We are very grateful for the thorough review of our manuscript.

All Reviewers provided very positive responses, i.e. ‘the most interesting result is the indication of binding of multiple 40S subunits on the same 5’UTR’ and ‘results add details to the understanding of the mechanism of the scanning model’ (Reviewer #1). ‘These results are of great interest for the translation field since, to my knowledge, such a scanning complex has never been visualised so far. Therefore, I highly recommend this manuscript for publication with minor modifications’ (Reviewer #2). ‘The study adds new knowledge to understand translation initiation and scanning and is of interest to researchers in the mRNA translation field.’ (Reviewer #3).

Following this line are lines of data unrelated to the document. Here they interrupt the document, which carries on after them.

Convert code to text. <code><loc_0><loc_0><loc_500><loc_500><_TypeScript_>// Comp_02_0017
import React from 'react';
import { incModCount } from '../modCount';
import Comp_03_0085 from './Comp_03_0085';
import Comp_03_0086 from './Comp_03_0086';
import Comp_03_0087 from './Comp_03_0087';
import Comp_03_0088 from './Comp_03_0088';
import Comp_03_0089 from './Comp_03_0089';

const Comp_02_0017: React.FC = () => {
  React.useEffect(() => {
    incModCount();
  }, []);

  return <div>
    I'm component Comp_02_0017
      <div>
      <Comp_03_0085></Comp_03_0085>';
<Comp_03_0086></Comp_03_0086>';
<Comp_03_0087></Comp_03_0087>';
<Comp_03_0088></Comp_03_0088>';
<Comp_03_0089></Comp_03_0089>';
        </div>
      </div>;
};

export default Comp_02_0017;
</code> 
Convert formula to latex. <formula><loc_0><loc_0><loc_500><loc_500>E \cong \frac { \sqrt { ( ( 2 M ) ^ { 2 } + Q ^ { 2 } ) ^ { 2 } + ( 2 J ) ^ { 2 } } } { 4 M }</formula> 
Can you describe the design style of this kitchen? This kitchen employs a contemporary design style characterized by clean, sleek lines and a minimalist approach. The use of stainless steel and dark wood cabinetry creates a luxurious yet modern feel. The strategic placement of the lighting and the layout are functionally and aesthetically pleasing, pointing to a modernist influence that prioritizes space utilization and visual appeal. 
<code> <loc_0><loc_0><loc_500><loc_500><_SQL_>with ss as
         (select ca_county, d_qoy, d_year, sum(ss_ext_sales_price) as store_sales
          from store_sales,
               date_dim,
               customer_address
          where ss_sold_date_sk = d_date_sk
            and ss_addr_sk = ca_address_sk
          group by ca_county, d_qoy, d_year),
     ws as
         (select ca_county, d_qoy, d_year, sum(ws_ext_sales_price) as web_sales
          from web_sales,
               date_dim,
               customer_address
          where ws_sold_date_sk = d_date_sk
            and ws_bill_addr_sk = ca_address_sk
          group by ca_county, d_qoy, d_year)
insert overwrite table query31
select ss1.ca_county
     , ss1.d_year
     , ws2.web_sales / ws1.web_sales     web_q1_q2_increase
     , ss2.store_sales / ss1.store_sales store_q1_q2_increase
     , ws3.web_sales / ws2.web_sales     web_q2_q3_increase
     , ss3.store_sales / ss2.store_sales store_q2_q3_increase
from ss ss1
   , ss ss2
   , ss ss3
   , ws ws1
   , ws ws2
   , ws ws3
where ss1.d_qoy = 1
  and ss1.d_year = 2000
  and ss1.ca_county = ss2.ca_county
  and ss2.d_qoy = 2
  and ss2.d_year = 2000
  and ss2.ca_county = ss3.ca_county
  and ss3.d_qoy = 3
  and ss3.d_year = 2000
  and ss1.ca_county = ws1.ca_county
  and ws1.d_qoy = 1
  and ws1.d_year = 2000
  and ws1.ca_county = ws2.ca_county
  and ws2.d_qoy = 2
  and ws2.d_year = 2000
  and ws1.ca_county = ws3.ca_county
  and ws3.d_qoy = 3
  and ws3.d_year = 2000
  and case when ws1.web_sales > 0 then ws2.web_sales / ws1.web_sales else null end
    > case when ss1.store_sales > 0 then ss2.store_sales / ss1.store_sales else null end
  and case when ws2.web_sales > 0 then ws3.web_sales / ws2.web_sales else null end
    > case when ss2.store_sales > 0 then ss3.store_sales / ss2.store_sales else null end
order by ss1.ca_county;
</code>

We acknowledge multiple insightful suggestions made by the Reviewers to improve the manuscript and address them all in the attached point-by-point response.

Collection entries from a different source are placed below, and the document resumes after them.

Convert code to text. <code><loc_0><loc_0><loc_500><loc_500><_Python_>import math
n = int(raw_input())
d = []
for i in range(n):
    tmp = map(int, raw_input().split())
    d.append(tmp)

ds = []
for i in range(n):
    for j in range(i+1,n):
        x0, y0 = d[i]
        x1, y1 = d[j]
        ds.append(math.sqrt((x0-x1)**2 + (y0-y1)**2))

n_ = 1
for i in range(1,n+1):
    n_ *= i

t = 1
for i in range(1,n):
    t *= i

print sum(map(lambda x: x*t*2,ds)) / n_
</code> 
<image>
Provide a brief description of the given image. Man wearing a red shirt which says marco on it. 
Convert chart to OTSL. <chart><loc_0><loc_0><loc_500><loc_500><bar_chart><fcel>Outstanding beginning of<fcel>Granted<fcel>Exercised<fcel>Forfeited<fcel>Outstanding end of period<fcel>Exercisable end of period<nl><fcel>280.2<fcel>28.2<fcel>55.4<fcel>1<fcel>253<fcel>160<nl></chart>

We provide a revised version of our work. The main changes are: (1) a more thorough discussion of the nature of poly(A) 5'UTR mRNAs and their physiological relevance to late poxviral infection (raised by Reviewers #2 and #3), (2) inclusion of a scrambled RNA control into the description of the anti-eIF4A aptamer effects on translation, (3) inclusion of an experimental flowchart diagram for the toeprinting experiments where capped mRNAs were first pre-incubated with the cap-binding factors, and (4) inclusion of unprocessed fluorescent traces for the main toeprinting results (raised by Reviewer #1). Minor changes and corrections are introduced throughout the text and figures as tracked changes.

We hope that the revised version of our manuscript will now be accepted for publication.

 

 

Author Response File: Author Response.pdf

Round 2

Reviewer 3 Report

The revision improved the manuscript.